### Exercise
From the line with "brown metallic object?" through the line with "Offer a terse response. Green.", repeat the entries verbatim, both end lines included, and add nothing.

### Task material
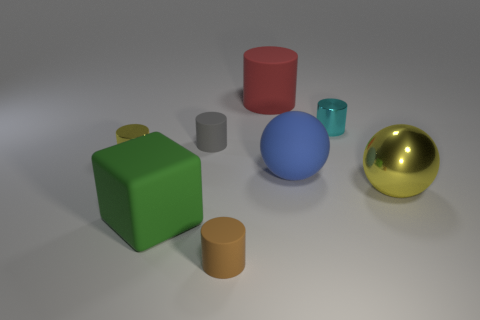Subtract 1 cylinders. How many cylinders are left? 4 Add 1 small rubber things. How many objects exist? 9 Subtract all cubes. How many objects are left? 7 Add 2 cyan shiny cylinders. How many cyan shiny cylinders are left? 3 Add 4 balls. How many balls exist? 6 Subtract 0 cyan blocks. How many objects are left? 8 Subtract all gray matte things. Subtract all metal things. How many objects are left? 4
...
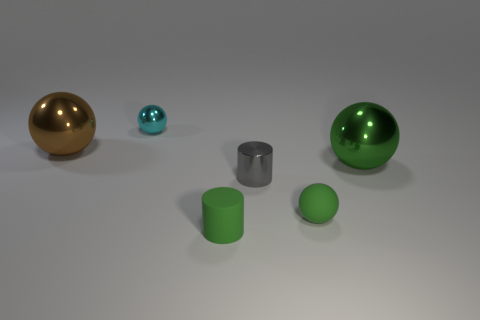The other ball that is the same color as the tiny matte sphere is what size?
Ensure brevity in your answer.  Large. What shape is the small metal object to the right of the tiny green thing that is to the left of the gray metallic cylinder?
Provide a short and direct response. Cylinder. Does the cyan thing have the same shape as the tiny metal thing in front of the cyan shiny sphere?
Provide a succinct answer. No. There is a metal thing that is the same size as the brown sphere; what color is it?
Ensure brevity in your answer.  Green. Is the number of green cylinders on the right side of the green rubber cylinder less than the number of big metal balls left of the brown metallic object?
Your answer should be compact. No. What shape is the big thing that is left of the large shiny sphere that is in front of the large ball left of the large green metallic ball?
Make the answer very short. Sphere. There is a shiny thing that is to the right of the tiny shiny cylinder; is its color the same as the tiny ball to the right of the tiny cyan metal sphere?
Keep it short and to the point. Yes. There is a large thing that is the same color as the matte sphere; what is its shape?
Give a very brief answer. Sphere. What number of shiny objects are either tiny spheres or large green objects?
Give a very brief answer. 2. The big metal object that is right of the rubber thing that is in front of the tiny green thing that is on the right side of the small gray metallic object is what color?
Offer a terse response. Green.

### Response to this exercise
Ensure brevity in your answer.  Green. Is the number of green cylinders on the right side of the green rubber cylinder less than the number of big metal balls left of the brown metallic object?
Your answer should be compact. No. What shape is the big thing that is left of the large shiny sphere that is in front of the large ball left of the large green metallic ball?
Make the answer very short. Sphere. There is a shiny thing that is to the right of the tiny shiny cylinder; is its color the same as the tiny ball to the right of the tiny cyan metal sphere?
Keep it short and to the point. Yes. There is a large thing that is the same color as the matte sphere; what is its shape?
Give a very brief answer. Sphere. What number of shiny objects are either tiny spheres or large green objects?
Give a very brief answer. 2. The big metal object that is right of the rubber thing that is in front of the tiny green thing that is on the right side of the small gray metallic object is what color?
Offer a terse response. Green.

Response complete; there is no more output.